- [What is expected] Which lines of the entries contain the string "pitch"? Copy each of them.

- [Record extracts]
▼
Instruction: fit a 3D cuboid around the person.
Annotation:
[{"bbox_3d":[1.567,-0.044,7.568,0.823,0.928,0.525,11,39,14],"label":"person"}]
▲
▼
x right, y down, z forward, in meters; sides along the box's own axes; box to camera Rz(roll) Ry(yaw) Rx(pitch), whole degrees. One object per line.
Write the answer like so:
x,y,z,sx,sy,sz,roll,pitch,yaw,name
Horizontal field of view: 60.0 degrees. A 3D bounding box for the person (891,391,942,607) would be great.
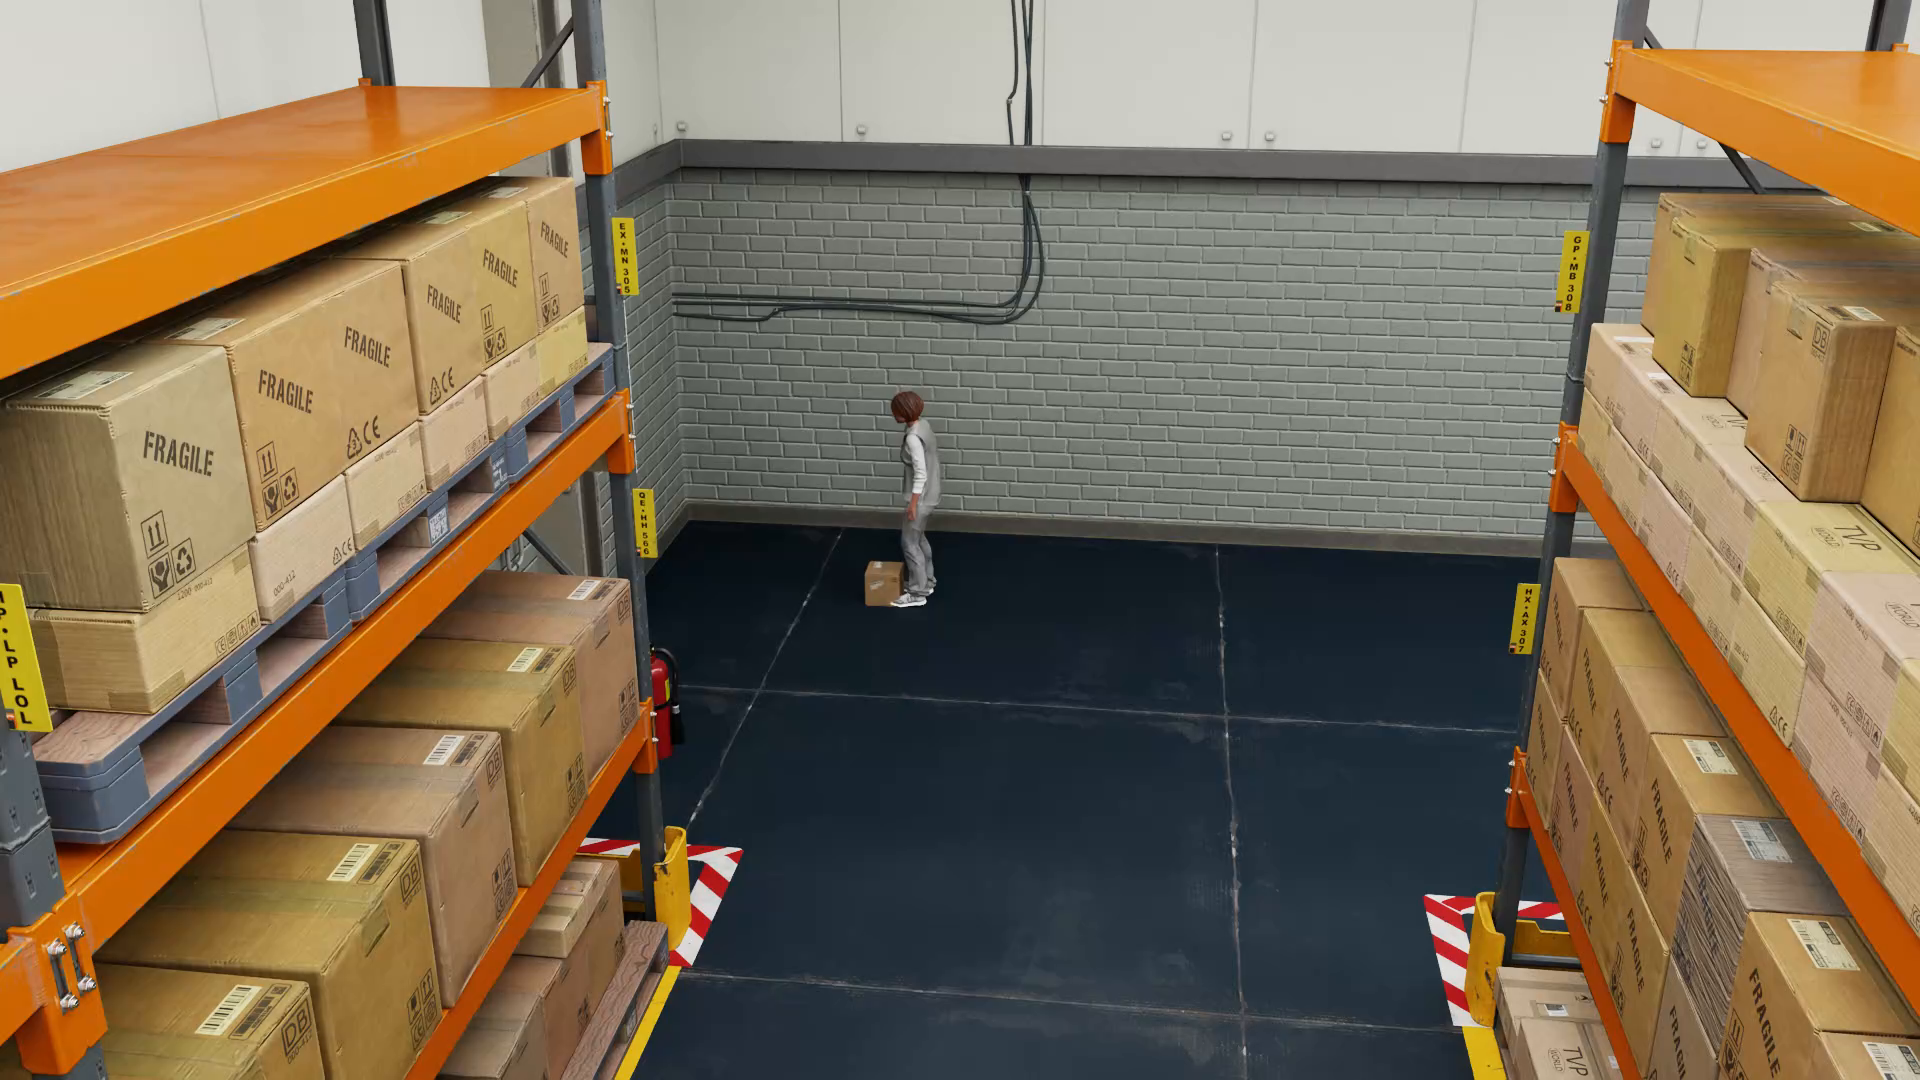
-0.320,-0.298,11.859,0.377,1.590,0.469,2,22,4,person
▲
▼
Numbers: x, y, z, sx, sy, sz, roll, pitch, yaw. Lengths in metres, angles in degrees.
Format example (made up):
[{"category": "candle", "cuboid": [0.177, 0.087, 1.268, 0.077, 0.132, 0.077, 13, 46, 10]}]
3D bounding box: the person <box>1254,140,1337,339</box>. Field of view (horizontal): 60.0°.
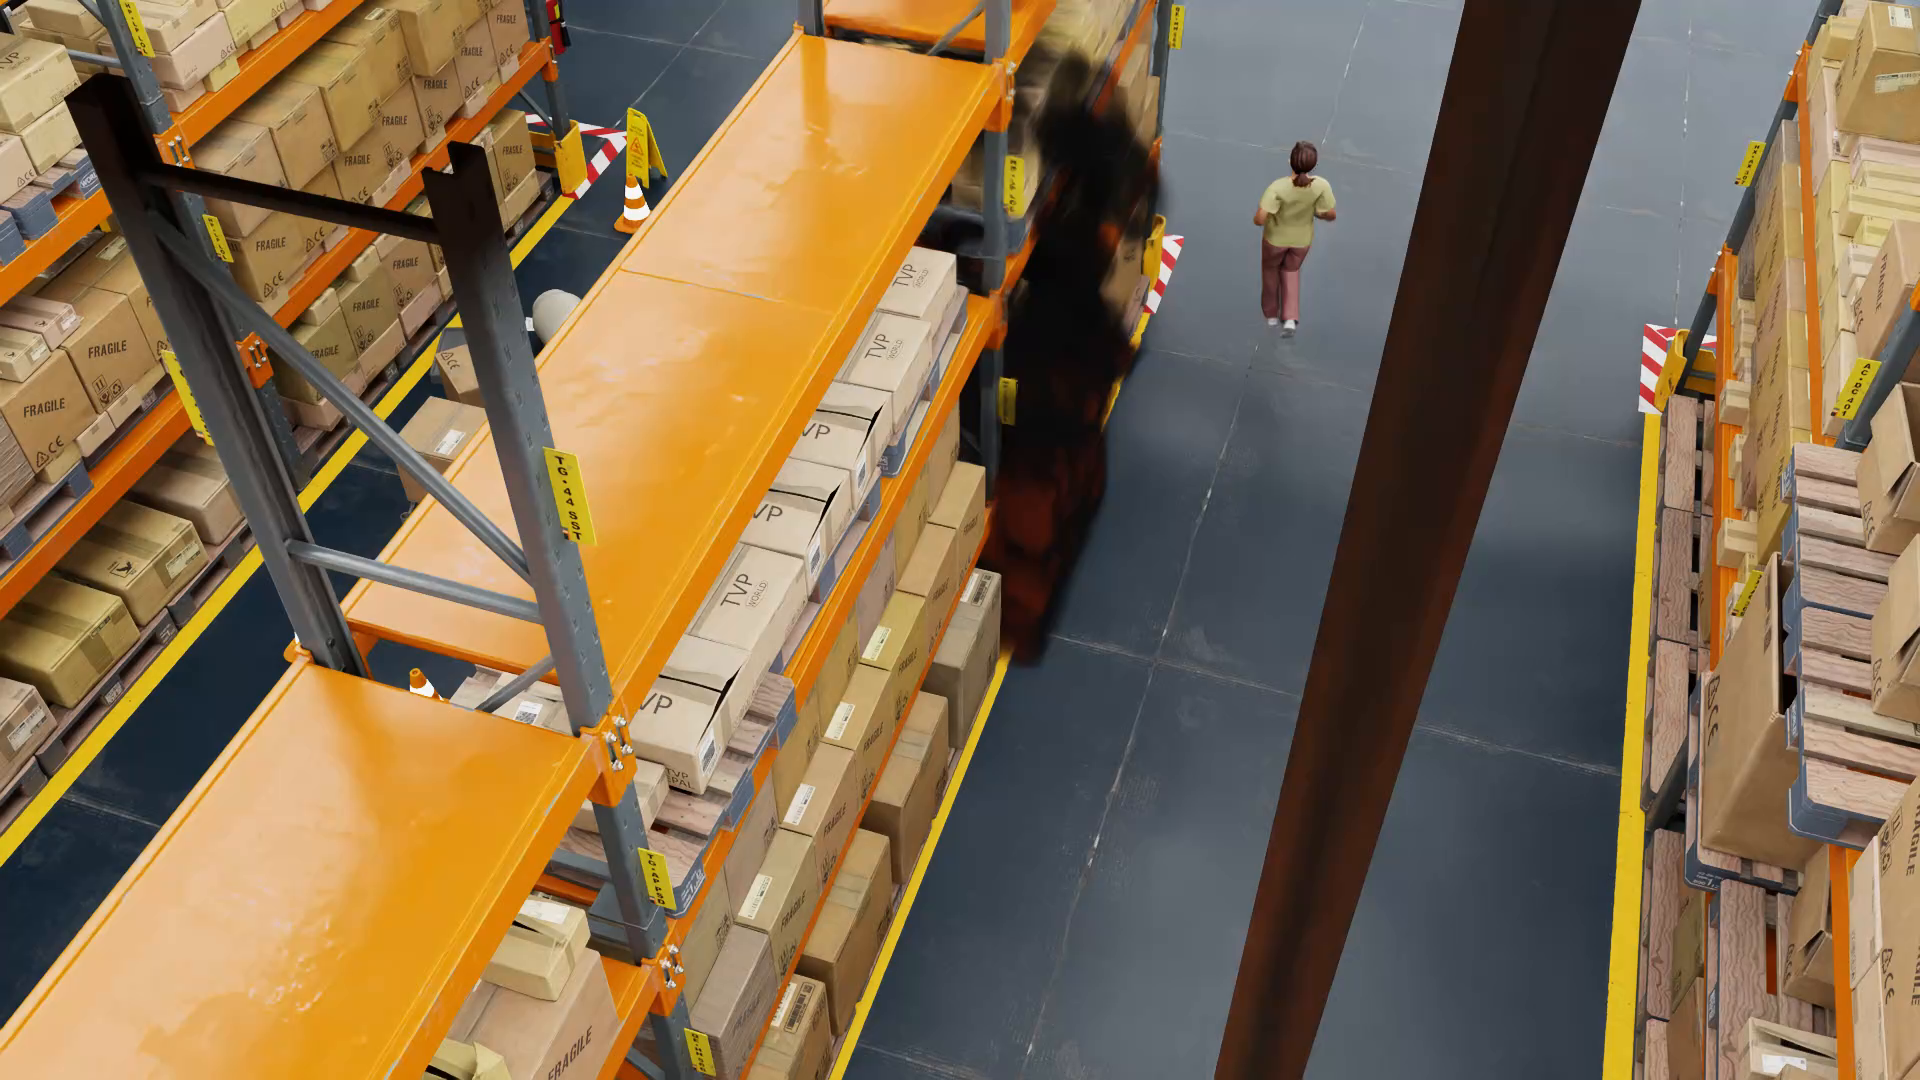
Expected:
▲
- [Answer section]
x right, y down, z forward, in meters; sides along the box's own axes; box to camera Rz(roll) Ry(yaw) Rx(pitch), whole degrees. One object per line.
x,y,z,sx,sy,sz,roll,pitch,yaw,name
Numbers: x, y, z, sx, sy, sz, roll, pitch, yaw. Lengths in metres, angles in degrees.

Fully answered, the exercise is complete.